Many linguists, the academia, ordinary people and weather experts have been fascinated by how the storm had got its name. How do the experts choose names? How did they come to choose this Shona name Idai? These questions have remained unanswered.

According to climate scientist Professor Desmond Manatsa, Cyclone Idai bears a Shona name, Idai, which simply means to love.

The meaning of the cyclone raises more questions than answers Interviews that have been made by journalists to the affected people in Chimanimani clearly show that many people are baffled and captivated by the naming of cyclones.

Some people said there was nothing to love (idai) since they had been affected negatively. The cyclone left an unforgettable impression in their lives.

They lost their family members, houses, among others. Thus, they concluded that the name Idai was not a true reflection of what had happened.

Cyclones are named by the World Meteorological Organisation (WMO). In the WMO, there are 54 member countries inclusive of Zimbabwe. The organisation holds a congress meeting after every four years in which each member country submits 10 names from their countries.

Therefore, those names will be used in the next four years until the next congress meeting. Cyclones which originate from the Indian Ocean are the ones which usually affect Zimbabwe, for example, Eline, Dineo, Idai, among others. So during the four years, cyclones are named using the phonetic alphabet A to Z, meaning that we are presently at ‘I’ and the next time we will probably be at ‘J’.

So this one was named Idai, coming from the list which we submitted as Zimbabwe. Why did they choose a name from Zimbabwe? It was probably because Zimbabwe had produced a name with ‘I’ and they wanted a name which started with ‘I’.

There is no specific roaster for the countries and usually cyclones tend to be named after females though not all of them. Only the delegates in the WMO get to choose the name.

These names are not for public consumption. The names are held by the Regional Specialised Meteorological Centre (RSMC) in the Reunion of Mauritius Meteorological offices.

They have the mandate to issue warning alerts and bulletins to the whole of the southern African region adjacent to the South-West Indian Ocean.

Lists of names are compiled and maintained by various meteorological committees regionally and submitted to the WMO annually. A tropical cyclone is not given a name until the sustained maximum wind speed reaches a threshold of 34 knots.

Echoing similar sentiments, Bindura University of Science Education (BUSE) climate scientist Professor Manatsa was quoted saying the unique name assigned to a particular cyclone or storm is done according to a pre-defined alphabetical list.

“Experts from meteorological offices in the cyclone region, South-West Indian ocean, which include Zimbabwe, met and suggested the names. The names are then put in an alphabetical order for that year,” he said.

“As the cyclones develop, they are given these names, beginning with those on top of the alphabet.

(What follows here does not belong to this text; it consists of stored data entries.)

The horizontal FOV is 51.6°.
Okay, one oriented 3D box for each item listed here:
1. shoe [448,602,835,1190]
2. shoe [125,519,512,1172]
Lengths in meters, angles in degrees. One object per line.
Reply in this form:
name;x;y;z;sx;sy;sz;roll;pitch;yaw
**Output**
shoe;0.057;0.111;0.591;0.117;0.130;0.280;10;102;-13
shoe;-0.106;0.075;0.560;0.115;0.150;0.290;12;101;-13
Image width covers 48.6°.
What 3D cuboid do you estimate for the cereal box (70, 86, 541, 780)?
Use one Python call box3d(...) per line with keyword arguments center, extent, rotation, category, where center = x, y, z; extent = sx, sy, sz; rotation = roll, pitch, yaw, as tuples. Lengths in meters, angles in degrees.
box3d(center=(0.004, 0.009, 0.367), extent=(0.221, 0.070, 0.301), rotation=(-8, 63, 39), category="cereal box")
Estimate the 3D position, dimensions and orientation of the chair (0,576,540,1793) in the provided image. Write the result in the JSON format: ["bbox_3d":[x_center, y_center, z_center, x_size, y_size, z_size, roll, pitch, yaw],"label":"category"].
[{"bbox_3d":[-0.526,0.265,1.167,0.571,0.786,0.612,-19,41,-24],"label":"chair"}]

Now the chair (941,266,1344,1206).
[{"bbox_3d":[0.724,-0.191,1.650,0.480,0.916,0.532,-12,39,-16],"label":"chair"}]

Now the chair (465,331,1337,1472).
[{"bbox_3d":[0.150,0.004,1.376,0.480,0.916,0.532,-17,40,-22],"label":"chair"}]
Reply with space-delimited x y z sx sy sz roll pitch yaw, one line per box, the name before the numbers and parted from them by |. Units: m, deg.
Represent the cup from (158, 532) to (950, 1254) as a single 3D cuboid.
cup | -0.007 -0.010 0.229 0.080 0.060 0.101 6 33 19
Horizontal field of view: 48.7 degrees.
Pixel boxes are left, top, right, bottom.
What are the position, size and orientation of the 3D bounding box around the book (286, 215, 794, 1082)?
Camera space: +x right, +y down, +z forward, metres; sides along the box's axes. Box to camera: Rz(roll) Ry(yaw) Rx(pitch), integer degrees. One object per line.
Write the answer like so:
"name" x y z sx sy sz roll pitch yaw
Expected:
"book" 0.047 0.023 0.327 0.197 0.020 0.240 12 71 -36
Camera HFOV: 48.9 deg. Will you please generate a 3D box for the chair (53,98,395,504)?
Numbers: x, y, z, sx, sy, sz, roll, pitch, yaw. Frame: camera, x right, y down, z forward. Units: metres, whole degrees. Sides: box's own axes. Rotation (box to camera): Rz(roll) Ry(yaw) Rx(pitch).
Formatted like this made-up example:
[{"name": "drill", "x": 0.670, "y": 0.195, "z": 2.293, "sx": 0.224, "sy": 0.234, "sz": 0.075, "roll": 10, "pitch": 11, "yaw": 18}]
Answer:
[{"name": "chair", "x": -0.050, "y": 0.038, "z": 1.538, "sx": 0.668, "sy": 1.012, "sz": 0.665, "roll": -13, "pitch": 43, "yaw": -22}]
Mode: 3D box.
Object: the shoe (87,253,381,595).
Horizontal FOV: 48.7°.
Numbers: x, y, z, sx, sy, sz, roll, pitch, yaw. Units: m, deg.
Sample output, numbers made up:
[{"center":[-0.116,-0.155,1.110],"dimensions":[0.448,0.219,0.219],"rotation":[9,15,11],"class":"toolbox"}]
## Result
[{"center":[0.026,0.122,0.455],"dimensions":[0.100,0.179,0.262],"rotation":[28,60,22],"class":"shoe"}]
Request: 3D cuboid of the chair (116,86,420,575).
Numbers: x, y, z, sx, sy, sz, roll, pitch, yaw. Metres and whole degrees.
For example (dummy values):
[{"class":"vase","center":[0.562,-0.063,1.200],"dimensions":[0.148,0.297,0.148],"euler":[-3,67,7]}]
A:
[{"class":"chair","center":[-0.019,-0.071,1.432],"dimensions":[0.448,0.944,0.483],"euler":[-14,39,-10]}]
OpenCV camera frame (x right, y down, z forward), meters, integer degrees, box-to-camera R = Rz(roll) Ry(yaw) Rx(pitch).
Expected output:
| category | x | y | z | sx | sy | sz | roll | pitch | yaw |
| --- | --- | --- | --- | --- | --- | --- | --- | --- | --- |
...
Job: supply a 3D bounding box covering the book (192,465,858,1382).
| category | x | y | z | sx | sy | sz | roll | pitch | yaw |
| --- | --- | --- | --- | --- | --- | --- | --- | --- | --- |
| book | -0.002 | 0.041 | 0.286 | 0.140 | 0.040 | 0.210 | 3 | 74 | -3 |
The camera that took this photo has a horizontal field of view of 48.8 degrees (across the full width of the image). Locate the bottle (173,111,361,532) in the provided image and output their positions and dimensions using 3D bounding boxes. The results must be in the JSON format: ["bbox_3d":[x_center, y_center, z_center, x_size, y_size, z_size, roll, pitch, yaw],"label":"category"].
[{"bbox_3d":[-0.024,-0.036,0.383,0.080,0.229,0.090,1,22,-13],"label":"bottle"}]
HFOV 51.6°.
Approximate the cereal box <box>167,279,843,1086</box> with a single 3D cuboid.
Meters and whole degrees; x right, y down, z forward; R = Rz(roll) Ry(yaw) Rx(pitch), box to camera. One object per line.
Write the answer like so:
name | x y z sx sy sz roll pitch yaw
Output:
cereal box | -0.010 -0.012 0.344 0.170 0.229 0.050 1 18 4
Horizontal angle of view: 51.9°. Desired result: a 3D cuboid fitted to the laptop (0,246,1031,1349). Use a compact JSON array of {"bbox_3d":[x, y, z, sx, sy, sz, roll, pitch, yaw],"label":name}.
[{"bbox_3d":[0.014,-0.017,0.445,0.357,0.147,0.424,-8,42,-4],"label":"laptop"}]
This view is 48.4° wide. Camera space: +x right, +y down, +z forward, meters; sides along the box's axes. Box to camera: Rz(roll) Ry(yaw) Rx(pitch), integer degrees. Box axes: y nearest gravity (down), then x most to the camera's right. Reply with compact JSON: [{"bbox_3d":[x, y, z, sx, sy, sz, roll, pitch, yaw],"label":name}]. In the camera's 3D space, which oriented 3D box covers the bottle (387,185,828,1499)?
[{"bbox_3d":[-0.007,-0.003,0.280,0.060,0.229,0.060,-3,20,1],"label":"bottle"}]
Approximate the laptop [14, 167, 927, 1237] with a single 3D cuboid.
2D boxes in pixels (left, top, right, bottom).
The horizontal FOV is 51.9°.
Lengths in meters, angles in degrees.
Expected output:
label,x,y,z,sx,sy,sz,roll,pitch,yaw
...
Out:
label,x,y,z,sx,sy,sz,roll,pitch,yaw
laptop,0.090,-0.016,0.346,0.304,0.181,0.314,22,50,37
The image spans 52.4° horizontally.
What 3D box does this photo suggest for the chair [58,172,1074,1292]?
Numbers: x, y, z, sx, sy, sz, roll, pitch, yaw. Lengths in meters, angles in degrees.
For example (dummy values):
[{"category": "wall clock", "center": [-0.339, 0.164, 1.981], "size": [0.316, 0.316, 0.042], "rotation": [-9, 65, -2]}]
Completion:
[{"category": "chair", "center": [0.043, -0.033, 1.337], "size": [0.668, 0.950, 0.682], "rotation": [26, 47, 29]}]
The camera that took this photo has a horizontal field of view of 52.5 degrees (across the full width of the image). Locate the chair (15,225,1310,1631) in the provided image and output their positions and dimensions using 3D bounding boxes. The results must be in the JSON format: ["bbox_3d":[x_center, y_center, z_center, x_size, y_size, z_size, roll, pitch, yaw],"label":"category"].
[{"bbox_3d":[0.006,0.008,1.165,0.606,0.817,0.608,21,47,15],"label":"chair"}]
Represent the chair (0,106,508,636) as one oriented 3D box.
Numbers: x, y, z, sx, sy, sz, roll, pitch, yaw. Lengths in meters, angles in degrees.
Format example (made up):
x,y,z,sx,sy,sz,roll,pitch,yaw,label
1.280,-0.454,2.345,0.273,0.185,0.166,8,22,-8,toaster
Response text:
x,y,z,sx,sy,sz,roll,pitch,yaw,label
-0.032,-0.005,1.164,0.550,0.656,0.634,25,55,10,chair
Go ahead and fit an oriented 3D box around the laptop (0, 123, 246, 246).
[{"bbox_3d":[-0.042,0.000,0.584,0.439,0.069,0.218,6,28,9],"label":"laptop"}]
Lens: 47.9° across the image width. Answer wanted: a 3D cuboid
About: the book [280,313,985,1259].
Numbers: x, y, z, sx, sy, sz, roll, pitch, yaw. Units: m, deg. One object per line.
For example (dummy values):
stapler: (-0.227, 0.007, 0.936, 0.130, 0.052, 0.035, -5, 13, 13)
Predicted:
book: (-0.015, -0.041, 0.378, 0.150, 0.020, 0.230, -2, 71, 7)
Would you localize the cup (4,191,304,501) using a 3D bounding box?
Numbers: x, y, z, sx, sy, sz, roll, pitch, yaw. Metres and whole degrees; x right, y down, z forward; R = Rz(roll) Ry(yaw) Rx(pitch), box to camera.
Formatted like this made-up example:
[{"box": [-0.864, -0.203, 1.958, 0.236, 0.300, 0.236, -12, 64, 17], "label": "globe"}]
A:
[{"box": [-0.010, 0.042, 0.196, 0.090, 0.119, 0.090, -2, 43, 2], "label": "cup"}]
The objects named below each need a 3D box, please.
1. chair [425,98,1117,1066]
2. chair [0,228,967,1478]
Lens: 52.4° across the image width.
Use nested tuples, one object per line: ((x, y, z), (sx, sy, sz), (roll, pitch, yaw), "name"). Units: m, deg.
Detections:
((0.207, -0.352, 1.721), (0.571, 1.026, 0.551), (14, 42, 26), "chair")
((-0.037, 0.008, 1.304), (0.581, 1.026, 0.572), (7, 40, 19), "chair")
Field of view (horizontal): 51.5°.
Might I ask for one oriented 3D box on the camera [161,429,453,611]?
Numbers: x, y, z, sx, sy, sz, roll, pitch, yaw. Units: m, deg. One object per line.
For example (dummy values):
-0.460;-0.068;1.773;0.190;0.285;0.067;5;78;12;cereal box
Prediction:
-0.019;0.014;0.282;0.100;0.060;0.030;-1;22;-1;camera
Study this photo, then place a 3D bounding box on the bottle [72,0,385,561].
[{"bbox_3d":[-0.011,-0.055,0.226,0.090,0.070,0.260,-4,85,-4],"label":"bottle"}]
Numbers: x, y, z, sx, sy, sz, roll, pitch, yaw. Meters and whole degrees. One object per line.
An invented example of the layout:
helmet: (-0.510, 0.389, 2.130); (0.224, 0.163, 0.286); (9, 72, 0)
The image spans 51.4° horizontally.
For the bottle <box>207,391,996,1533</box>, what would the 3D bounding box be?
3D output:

Names are only valid for the current season.

But when the cyclone season ends, all names which have not been used are discarded. They will start a new list the following season,” Manatsa said.

In the 2016-2017 tropical storm season, the most prominent cyclone name was Dineo, which is a South-West Indian Ocean region. In 2016-2017, the tropical storm had names, with another Shona name Kundai.

The alphabetical names of these cyclones include Abela, Bransby, Carlos, Dineo, Enawo, Fernado, Gabekile, Herold, Irondo, Jeruto, Kundai and others. Before the formal start of naming, tropical cyclones were named after places, objects or saints’ feast days on which they occurred.

Over time, however, it was established that the use of short, easily remembered names in written as well as spoken communications would be quicker and would reduce confusion when two or more tropical storms occurred at the same time.

In the same vein, storm names can also change. We will not, for example, find another Hurrican Katrina in our day as this notorious storm, which occurred in 2005, was the costliest natural disaster in the history of the United States.

As Zimbabwean citizens, let us all unite and show love as the name Idai (to love) suggests.